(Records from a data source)
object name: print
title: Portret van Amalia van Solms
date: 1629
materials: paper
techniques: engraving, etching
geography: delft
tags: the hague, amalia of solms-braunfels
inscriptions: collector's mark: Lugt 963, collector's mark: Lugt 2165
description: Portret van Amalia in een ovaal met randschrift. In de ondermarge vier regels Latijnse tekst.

> _Problem requirements_: Each record above is to be printed again exactly as written.

> _Task output_:
object name: print
title: Portret van Amalia van Solms
date: 1629
materials: paper
techniques: engraving, etching
geography: delft
tags: the hague, amalia of solms-braunfels
inscriptions: collector's mark: Lugt 963, collector's mark: Lugt 2165
description: Portret van Amalia in een ovaal met randschrift. In de ondermarge vier regels Latijnse tekst.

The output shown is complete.